TASK MATERIAL
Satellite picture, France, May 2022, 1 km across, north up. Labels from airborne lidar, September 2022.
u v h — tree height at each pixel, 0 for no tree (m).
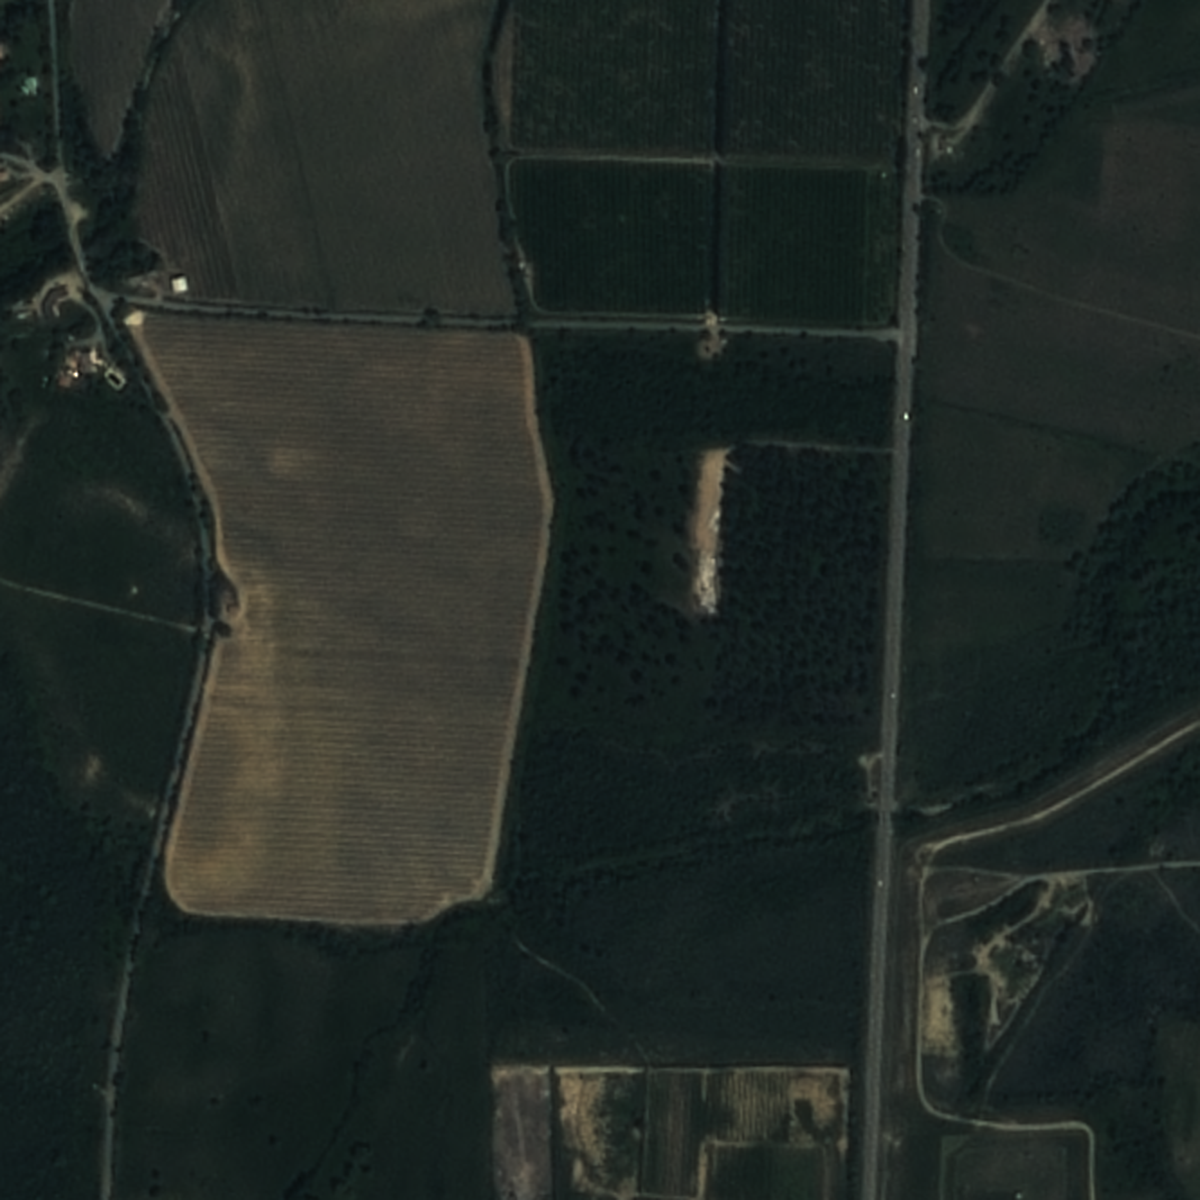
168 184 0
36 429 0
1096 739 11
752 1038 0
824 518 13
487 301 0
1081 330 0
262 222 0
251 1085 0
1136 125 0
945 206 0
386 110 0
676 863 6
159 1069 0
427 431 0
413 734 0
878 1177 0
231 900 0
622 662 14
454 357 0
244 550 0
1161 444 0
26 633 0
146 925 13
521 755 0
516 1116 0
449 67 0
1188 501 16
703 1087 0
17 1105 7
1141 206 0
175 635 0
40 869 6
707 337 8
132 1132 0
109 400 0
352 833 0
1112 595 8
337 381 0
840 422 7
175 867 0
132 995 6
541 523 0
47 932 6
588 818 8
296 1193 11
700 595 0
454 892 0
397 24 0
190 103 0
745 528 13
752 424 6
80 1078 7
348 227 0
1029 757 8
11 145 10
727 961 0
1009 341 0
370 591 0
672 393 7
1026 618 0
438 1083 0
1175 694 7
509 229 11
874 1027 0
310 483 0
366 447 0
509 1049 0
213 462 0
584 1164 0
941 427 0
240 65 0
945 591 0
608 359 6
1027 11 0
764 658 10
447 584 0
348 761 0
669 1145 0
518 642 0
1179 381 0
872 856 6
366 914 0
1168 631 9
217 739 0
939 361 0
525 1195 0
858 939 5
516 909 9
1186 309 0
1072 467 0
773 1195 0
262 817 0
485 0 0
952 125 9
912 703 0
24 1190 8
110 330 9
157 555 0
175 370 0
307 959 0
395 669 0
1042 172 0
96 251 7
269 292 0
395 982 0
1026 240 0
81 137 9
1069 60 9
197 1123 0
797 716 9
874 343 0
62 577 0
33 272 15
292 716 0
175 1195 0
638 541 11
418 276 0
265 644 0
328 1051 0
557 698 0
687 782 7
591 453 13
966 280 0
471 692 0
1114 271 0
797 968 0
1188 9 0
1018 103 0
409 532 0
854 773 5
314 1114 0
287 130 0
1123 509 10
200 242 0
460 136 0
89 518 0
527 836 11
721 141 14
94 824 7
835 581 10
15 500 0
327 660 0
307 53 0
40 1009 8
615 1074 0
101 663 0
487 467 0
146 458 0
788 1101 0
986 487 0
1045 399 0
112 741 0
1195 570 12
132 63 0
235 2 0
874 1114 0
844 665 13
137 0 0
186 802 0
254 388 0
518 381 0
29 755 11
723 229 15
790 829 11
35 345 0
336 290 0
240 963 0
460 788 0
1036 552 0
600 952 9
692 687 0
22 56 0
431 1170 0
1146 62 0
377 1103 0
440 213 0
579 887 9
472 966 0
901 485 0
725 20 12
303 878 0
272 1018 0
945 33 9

WHAT TO WORK ON
From the line containing "296 1193 11" to the final line of the data, repeat each line exactly. Include both ends.

RESULT FOR THIS EXERCISE
296 1193 11
700 595 0
454 892 0
397 24 0
190 103 0
745 528 13
752 424 6
80 1078 7
348 227 0
1029 757 8
11 145 10
727 961 0
1009 341 0
370 591 0
672 393 7
1026 618 0
438 1083 0
1175 694 7
509 229 11
874 1027 0
310 483 0
366 447 0
509 1049 0
213 462 0
584 1164 0
941 427 0
240 65 0
945 591 0
608 359 6
1027 11 0
764 658 10
447 584 0
348 761 0
669 1145 0
518 642 0
1179 381 0
872 856 6
366 914 0
1168 631 9
217 739 0
939 361 0
525 1195 0
858 939 5
516 909 9
1186 309 0
1072 467 0
773 1195 0
262 817 0
485 0 0
952 125 9
912 703 0
24 1190 8
110 330 9
157 555 0
175 370 0
307 959 0
395 669 0
1042 172 0
96 251 7
269 292 0
395 982 0
1026 240 0
81 137 9
1069 60 9
197 1123 0
797 716 9
874 343 0
62 577 0
33 272 15
292 716 0
175 1195 0
638 541 11
418 276 0
265 644 0
328 1051 0
557 698 0
687 782 7
591 453 13
966 280 0
471 692 0
1114 271 0
797 968 0
1188 9 0
1018 103 0
409 532 0
854 773 5
314 1114 0
287 130 0
1123 509 10
200 242 0
460 136 0
89 518 0
527 836 11
721 141 14
94 824 7
835 581 10
15 500 0
327 660 0
307 53 0
40 1009 8
615 1074 0
101 663 0
487 467 0
146 458 0
788 1101 0
986 487 0
1045 399 0
112 741 0
1195 570 12
132 63 0
235 2 0
874 1114 0
844 665 13
137 0 0
186 802 0
254 388 0
518 381 0
29 755 11
723 229 15
790 829 11
35 345 0
336 290 0
240 963 0
460 788 0
1036 552 0
600 952 9
692 687 0
22 56 0
431 1170 0
1146 62 0
377 1103 0
440 213 0
579 887 9
472 966 0
901 485 0
725 20 12
303 878 0
272 1018 0
945 33 9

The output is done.